Apologies again for a non MWE - impossible under my current constraints. However, if you looked at my example, what I find is equivalent to

type myT
    x :: Array
end

t1 = myT(ones(3))
t2 = myT(ones(3))

maxabs(t1.x[:] - t2.x[:]) == 0.0  #is false

with the difference that my code assigns the values to array x, instead of the constructor, as here. Again, the weird thing is that sometimes this test passes if i repeat this for 100 times, and sometimes it does not. whether I copy x to a separate object and erase t1 before doing the test shouldn’t matter. t1 and t2 should always refer to different objects?


#9

Sorry, but lacking an MWE, we only have your claim for this equivalence. If your example indeed gave false, that would be a serious bug in Julia. An error on your part is much more likely.

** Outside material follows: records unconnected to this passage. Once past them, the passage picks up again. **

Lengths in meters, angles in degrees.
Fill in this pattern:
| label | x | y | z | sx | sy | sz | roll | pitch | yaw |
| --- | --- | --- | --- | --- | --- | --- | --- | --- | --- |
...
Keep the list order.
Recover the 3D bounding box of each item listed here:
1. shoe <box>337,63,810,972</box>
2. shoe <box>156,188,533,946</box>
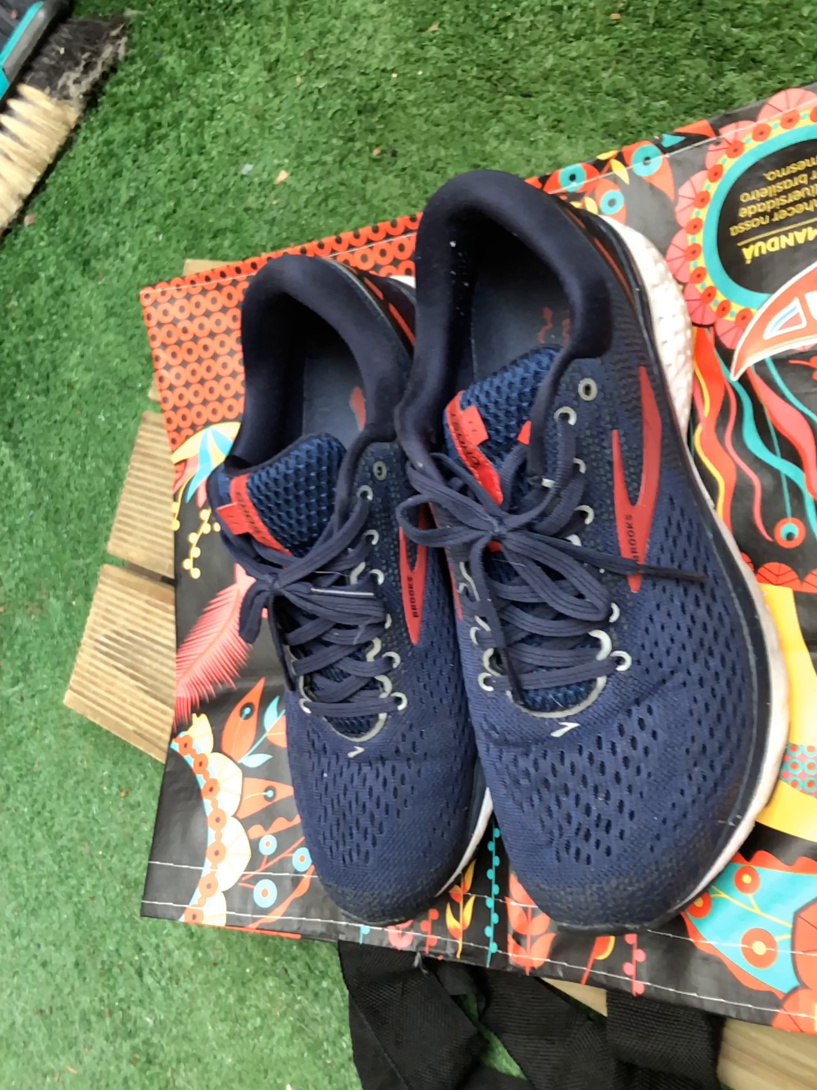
| label | x | y | z | sx | sy | sz | roll | pitch | yaw |
| --- | --- | --- | --- | --- | --- | --- | --- | --- | --- |
| shoe | 0.054 | -0.006 | 0.322 | 0.100 | 0.100 | 0.265 | -14 | 74 | 33 |
| shoe | -0.031 | 0.012 | 0.381 | 0.108 | 0.100 | 0.265 | -12 | 75 | 34 |

Nope, an MWE is never impossible, you are just unwilling to invest time in making one. Yet you expect others to help you.


#10

Nine out of ten times this has happened to me, it has been array initialization. Very often you’ll see very small values, but there’s no guarantee. See how far the codes get before diverging. Then strip away the unnecessary parts (what can you remove without the divergence disappearing), and post whatever steps your code goes through up till that point. That’s your mwe.


#11

Initially, any new memory that you allocate will have been zeroed out by the operating system. After the first garbage collection, new memory that you allocate might contain old data.

If you run the exact same code several times, with explicit garbage collection in between iterations, then you are likely to get objects that are initialized to their old values! This may effectively hide bugs where you read data before you have written it.

Example: (This is what happened for me. Your results would be different.)

               _
   _       _ _(_)_     |  A fresh approach to technical computing
  (_)     | (_) (_)    |  Documentation: https://docs.julialang.org
   _ _   _| |_  __ _   |  Type "?help" for help.
  | | | | | | |/ _  |  |
  | | |_| | | | (_| |  |  Version 0.6.0-rc1.0 (2017-05-07 00:00 UTC)
 _/ |\__'_|_|_|\__'_|  |  Official http://julialang.org/ release
|__/                   |  x86_64-apple-darwin13.4.0

julia> m = Array{Float64}(10)
10-element Array{Float64,1}:
 0.0
 0.0
 0.0
 0.0
 0.0
 0.0
 0.0
 0.0
 0.0
 0.0

julia> m=0; gc()

julia> m = Array{Float64}(10)
10-element Array{Float64,1}:
 5.28715e242 
 7.34851e-307
 0.0         
 0.0         
 0.0         
 0.0         
 0.0         
 0.0         
 0.0         
 0.0         

julia> m[1] = 42
42

julia> m = 0; gc()

julia> m = Array{Float64}(10)
10-element Array{Float64,1}:
 42.0         
  7.34851e-307
  0.0         
  0.0         
  0.0         
  0.0         
  0.0         
  0.0         
  0.0         
  0.0         

Moral of the story is, make sure your objects are always properly initialized.

(There’s already an issue on this: https://github.com/JuliaLang/julia/issues/9147 )


#12

this is a great example @Per, thanks!


#13

The culprit was indeed: an array initialization with y=similar(x).